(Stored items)
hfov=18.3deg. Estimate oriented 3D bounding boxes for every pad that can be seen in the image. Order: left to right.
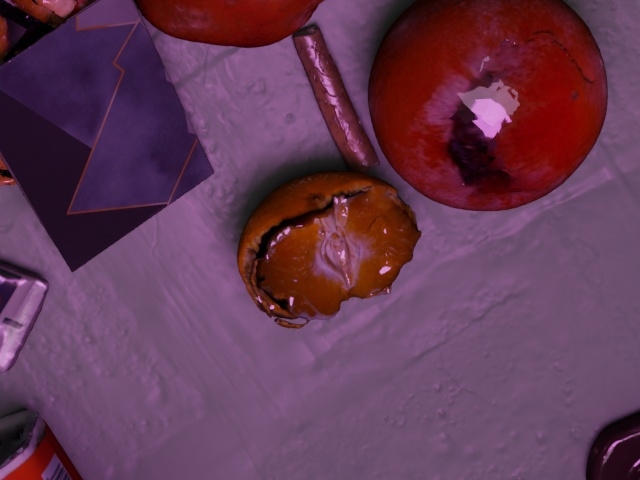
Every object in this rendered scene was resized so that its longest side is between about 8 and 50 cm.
[{"bbox_3d":[-0.192,-0.091,1.710,0.164,0.004,0.243,-36,138,-12],"label":"pad"}]

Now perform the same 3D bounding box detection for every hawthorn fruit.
[{"bbox_3d":[-0.066,-0.239,1.664,0.188,0.169,0.169,15,110,31],"label":"hawthorn fruit"}]

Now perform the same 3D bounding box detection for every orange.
[{"bbox_3d":[0.000,0.000,1.787,0.160,0.112,0.170,-52,143,8],"label":"orange"}]

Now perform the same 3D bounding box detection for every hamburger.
[{"bbox_3d":[-0.264,-0.152,1.693,0.231,0.107,0.231,-19,130,-24],"label":"hamburger"}]

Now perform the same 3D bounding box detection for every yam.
[{"bbox_3d":[0.013,-0.124,1.792,0.032,0.032,0.145,-24,108,2],"label":"yam"}]

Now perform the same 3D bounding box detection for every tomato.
[{"bbox_3d":[0.146,-0.125,1.724,0.208,0.184,0.208,-2,106,-6],"label":"tomato"}]

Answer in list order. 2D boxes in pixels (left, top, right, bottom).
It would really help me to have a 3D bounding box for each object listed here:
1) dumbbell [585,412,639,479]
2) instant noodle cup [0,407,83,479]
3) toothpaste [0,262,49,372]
[{"bbox_3d":[0.338,0.253,1.845,0.140,0.225,0.124,-23,110,-1],"label":"dumbbell"},{"bbox_3d":[-0.277,0.338,1.800,0.294,0.294,0.307,-25,101,2],"label":"instant noodle cup"},{"bbox_3d":[-0.436,0.004,1.766,0.392,0.061,0.098,25,101,-15],"label":"toothpaste"}]
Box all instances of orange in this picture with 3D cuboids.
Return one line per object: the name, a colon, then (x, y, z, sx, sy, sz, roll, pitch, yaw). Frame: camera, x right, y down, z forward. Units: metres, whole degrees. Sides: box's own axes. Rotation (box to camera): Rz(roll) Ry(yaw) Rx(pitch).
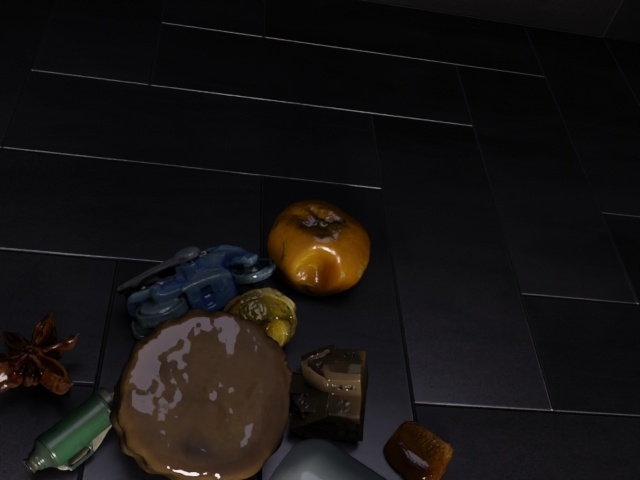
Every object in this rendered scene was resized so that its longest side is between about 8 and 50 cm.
orange: (0.000, 0.000, 1.753, 0.249, 0.183, 0.249, 7, 49, -8)

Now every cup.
cup: (0.055, 0.498, 1.300, 0.312, 0.205, 0.205, 32, 49, 16)

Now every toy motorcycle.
toy motorcycle: (-0.274, 0.078, 1.589, 0.319, 0.182, 0.241, -23, 47, -21)

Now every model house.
model house: (-0.033, 0.298, 1.510, 0.248, 0.176, 0.181, 1, 47, 8)

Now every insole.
insole: (-0.438, 0.365, 1.425, 0.063, 0.010, 0.192, 28, 48, 11)

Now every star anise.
star anise: (-0.570, 0.238, 1.440, 0.196, 0.111, 0.212, -9, 44, -29)

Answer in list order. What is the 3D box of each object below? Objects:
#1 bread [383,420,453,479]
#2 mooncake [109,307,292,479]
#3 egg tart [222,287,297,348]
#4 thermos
bread: (0.203, 0.431, 1.512, 0.129, 0.044, 0.126, 32, 47, 19)
mooncake: (-0.221, 0.295, 1.374, 0.324, 0.187, 0.324, 7, 71, -21)
egg tart: (-0.129, 0.187, 1.547, 0.191, 0.191, 0.074, -9, 35, -22)
thermos: (-0.461, 0.361, 1.374, 0.073, 0.083, 0.187, 23, 46, 36)
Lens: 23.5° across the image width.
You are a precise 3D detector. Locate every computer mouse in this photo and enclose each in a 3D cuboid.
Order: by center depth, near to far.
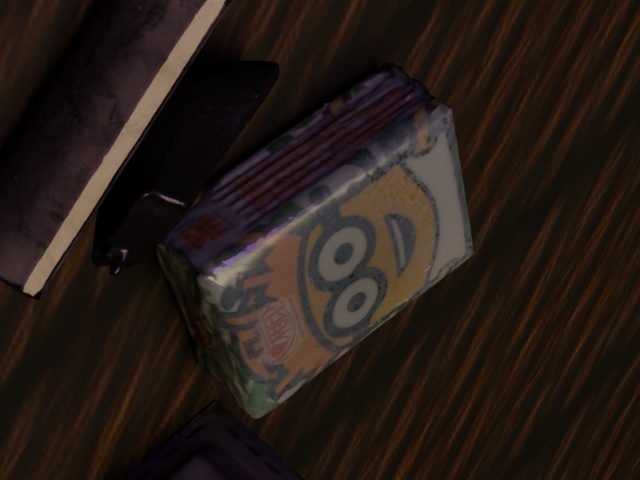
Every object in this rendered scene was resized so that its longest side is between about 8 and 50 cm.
[{"bbox_3d":[-0.134,-0.077,1.346,0.147,0.088,0.264,-42,-163,51],"label":"computer mouse"}]

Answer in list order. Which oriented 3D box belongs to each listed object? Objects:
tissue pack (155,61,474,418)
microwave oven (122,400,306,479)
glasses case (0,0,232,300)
[{"bbox_3d":[0.000,0.000,1.536,0.311,0.128,0.228,-35,137,-19],"label":"tissue pack"},{"bbox_3d":[-0.160,0.443,1.610,0.432,0.236,0.374,-41,138,-16],"label":"microwave oven"},{"bbox_3d":[-0.191,-0.100,1.282,0.060,0.114,0.299,30,95,-50],"label":"glasses case"}]
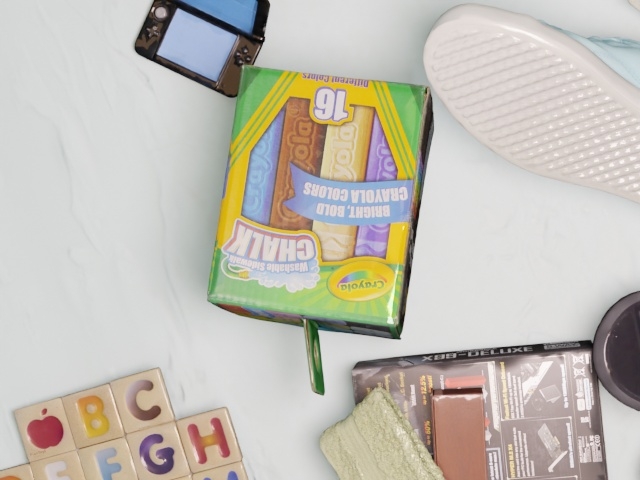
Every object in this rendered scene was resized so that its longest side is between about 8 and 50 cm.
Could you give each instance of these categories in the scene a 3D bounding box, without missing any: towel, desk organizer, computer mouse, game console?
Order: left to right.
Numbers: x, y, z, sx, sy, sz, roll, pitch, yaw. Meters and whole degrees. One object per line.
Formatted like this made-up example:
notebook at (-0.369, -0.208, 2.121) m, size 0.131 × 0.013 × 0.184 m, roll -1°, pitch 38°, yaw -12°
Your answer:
game console at (-0.121, -0.215, 1.516) m, size 0.122 × 0.071 × 0.107 m, roll 26°, pitch 95°, yaw 5°
towel at (0.063, 0.224, 1.442) m, size 0.110 × 0.027 × 0.148 m, roll -45°, pitch 66°, yaw 35°
desk organizer at (0.134, 0.207, 1.444) m, size 0.050 × 0.047 × 0.130 m, roll -3°, pitch 92°, yaw 5°
computer mouse at (0.383, 0.101, 1.470) m, size 0.272 × 0.072 × 0.188 m, roll -6°, pitch 89°, yaw -12°

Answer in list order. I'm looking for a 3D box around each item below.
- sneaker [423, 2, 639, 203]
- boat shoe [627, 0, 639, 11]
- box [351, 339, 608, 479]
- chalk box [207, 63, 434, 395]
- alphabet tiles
sneaker at (0.259, -0.137, 1.424) m, size 0.366 × 0.150 × 0.135 m, roll 26°, pitch 127°, yaw -16°
boat shoe at (0.418, -0.189, 1.405) m, size 0.302 × 0.113 × 0.103 m, roll 23°, pitch 62°, yaw 15°
box at (0.167, 0.264, 1.504) m, size 0.242 × 0.076 × 0.307 m, roll -6°, pitch 92°, yaw 7°
chalk box at (0.000, 0.000, 1.437) m, size 0.179 × 0.180 × 0.289 m, roll 9°, pitch 83°, yaw 6°
alphabet tiles at (-0.193, 0.316, 1.558) m, size 0.285 × 0.011 × 0.342 m, roll -17°, pitch 91°, yaw 16°
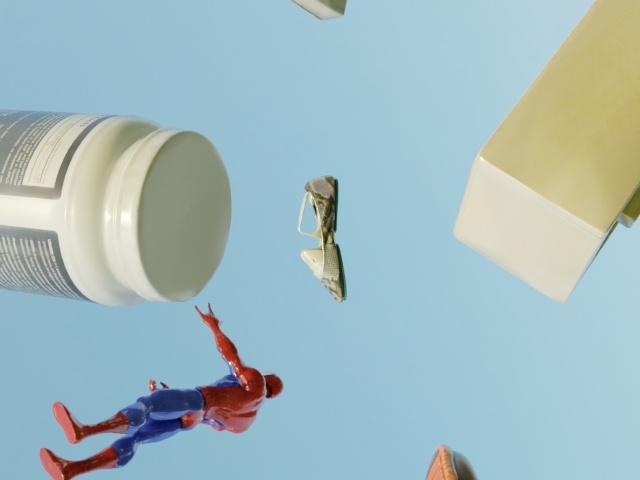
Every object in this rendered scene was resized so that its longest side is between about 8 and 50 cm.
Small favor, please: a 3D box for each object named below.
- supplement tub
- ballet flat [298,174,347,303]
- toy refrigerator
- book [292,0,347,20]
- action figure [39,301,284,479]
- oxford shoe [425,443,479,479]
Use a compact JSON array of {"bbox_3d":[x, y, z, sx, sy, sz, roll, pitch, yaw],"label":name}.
[{"bbox_3d":[-0.248,-0.035,1.092,0.191,0.272,0.191,-23,-64,-61],"label":"supplement tub"},{"bbox_3d":[0.000,0.000,0.956,0.041,0.041,0.114,-2,-94,-44],"label":"ballet flat"},{"bbox_3d":[0.200,-0.097,0.684,0.094,0.102,0.269,34,-113,14],"label":"toy refrigerator"},{"bbox_3d":[-0.005,-0.314,1.108,0.096,0.035,0.144,24,-107,-43],"label":"book"},{"bbox_3d":[-0.164,0.151,1.109,0.280,0.091,0.139,-5,-140,-42],"label":"action figure"},{"bbox_3d":[0.204,0.393,1.264,0.132,0.130,0.364,6,-142,-14],"label":"oxford shoe"}]
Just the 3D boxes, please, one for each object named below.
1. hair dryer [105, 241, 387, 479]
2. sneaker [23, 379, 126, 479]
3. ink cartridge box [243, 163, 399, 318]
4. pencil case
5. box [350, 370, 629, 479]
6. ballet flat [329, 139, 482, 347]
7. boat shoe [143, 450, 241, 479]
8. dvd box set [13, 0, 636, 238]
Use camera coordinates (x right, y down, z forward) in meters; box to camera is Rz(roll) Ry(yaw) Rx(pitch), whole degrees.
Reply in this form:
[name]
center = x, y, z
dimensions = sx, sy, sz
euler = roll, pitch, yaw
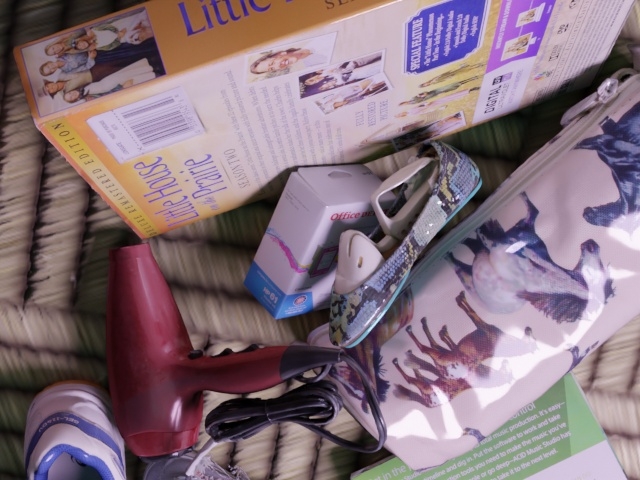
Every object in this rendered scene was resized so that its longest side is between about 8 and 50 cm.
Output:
[hair dryer]
center = -0.086, 0.113, 0.913
dimensions = 0.293, 0.080, 0.224
euler = 44, 110, 16
[sneaker]
center = -0.210, 0.280, 0.958
dimensions = 0.111, 0.131, 0.297
euler = -14, 107, -4
[ink cartridge box]
center = 0.000, 0.000, 0.909
dimensions = 0.088, 0.052, 0.123
euler = -9, 133, -43
[pencil case]
center = 0.169, 0.026, 0.917
dimensions = 0.410, 0.160, 0.183
euler = -41, 102, 5
[box]
center = 0.198, 0.310, 0.975
dimensions = 0.232, 0.058, 0.322
euler = -26, 78, 1
[ballet flat]
center = 0.052, -0.004, 0.861
dimensions = 0.070, 0.070, 0.188
euler = 40, 78, -14
[boat shoe]
center = -0.062, 0.270, 0.996
dimensions = 0.227, 0.081, 0.079
euler = 28, 100, -12
[dvd box set]
center = 0.024, -0.126, 0.796
dimensions = 0.420, 0.307, 0.062
euler = -19, 76, 0
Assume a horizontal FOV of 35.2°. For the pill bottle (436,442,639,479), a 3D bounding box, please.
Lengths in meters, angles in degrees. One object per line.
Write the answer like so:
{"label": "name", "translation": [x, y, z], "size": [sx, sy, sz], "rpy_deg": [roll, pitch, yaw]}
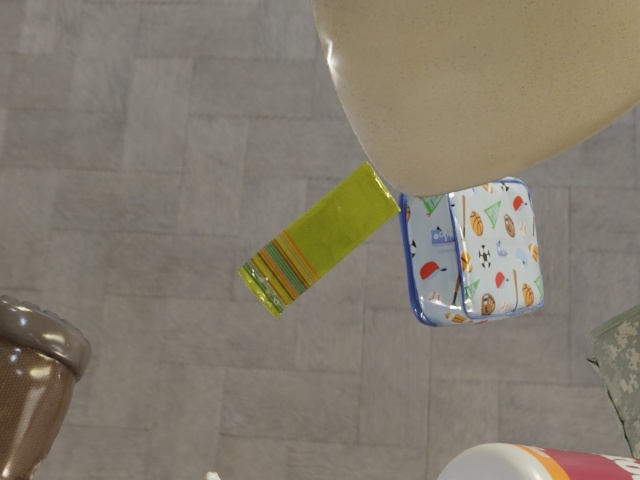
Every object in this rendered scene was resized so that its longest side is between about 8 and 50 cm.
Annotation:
{"label": "pill bottle", "translation": [0.122, 0.129, 0.400], "size": [0.152, 0.086, 0.086], "rpy_deg": [12, 72, -26]}

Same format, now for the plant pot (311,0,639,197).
{"label": "plant pot", "translation": [0.136, -0.177, 0.625], "size": [0.191, 0.284, 0.284], "rpy_deg": [-6, 72, 26]}

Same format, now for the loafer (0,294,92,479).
{"label": "loafer", "translation": [-0.311, 0.145, 0.703], "size": [0.366, 0.134, 0.130], "rpy_deg": [-26, 44, 38]}

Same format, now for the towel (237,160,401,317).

▸ **Task item**: Scan the entries above for the string "like" and copy each line that contains it.

▸ **Response area**:
Formatted like this made-up example:
Write the answer like so:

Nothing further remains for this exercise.